Auto Ingest from S3 to Snowflake
In order for this to work, lets make sure you have these steps are in order.
1. An external stage is created over an S3 bucket. There are no changes in requirements to the external stage as provided by Snowflake.
2. Assuming that a suitable table already exists, a pipe is created with the special flag “auto_ingest=true” (detailed steps below).
3. Now this pipe will be bound to this stage location using an AWS SQS queue as a notification channel. This notification channel can be seen by doing a “SHOW STAGES” command and next to the stage to which the pipe was bound. (Special details on the SHOW STAGES command below).
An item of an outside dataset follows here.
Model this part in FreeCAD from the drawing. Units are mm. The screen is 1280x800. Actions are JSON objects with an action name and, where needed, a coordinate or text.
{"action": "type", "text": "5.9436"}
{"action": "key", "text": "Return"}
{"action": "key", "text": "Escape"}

4. This SQS ARN should then be set on the S3 bucket hosting the stage as a notification configuration for the CreatedObject event. This step is outside the purview of Snowflake and is done using AWS tools (SDK/CLI/Console).
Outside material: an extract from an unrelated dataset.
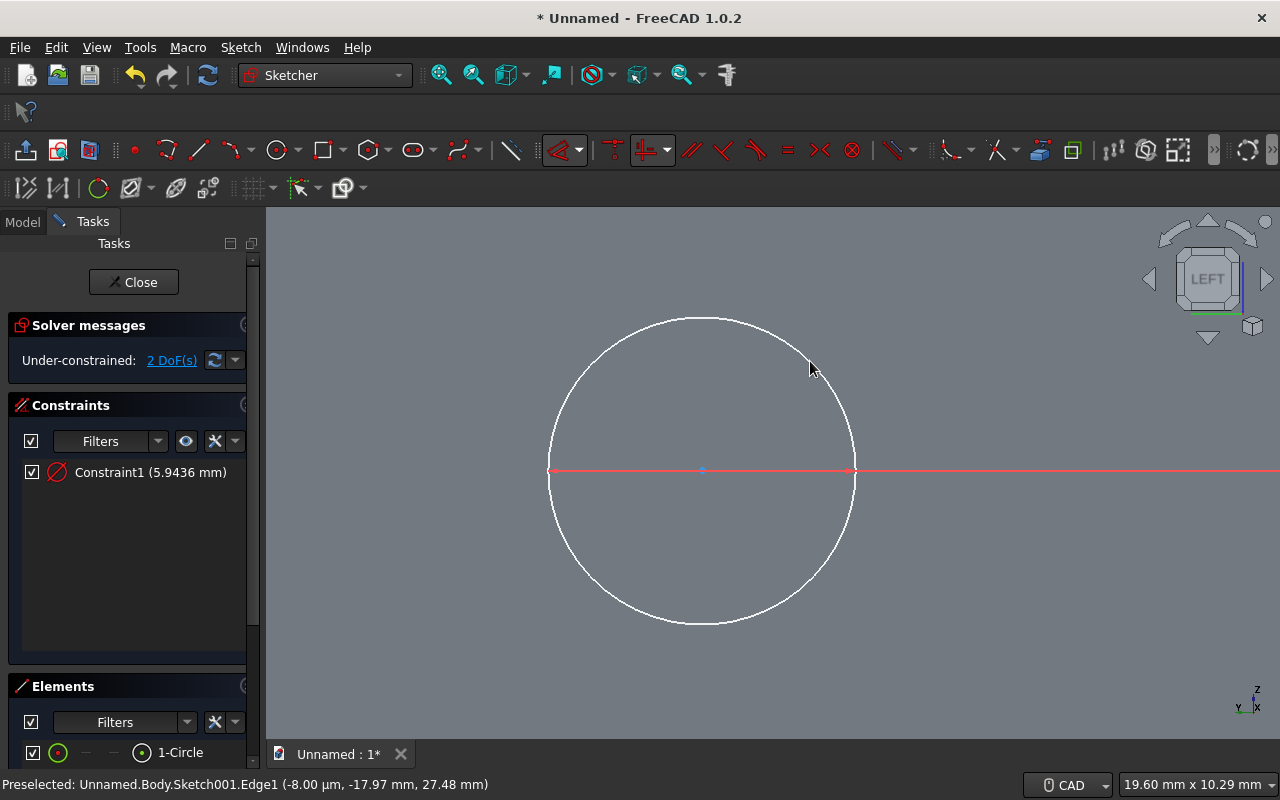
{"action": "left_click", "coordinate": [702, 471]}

5. Once the notification ARN has been set on the bucket, all new files created under the stage location will be loaded through the associated auto_ingest pipes for that stage to the respective tables as defined by the pipes.
Things to remember
Pipes can only load a delimited file at this time and fixed length is not allowed.
Once the file loaded snowpipe does not allow the same file name to be loaded even if you delete the file re upload.
If you drop a file in the stage please make sure the file append with a date / unique name.
Detailed Steps
1) Create a stage
CREATE OR REPLACE stage “INO”.”SHARED”.”MY_EXT_INO” storage_integration = SNOWFLAKE_INO_STORAGE_INTEGRATION URL = ‘s3://s3snowflake/’ ;
2) Create a pipe to load data.
create or replace pipe ino_pipe1 auto_ingest=true as copy into callupdump from @”INO”.”SHARED”.”MY_EXT_INO”/ino/ file_format = (format_name = CSV_FORMAT);
3) Get the name of SQS queue by running show pipe command:
Show pipes;
The notification_channel column contains the sqs arn.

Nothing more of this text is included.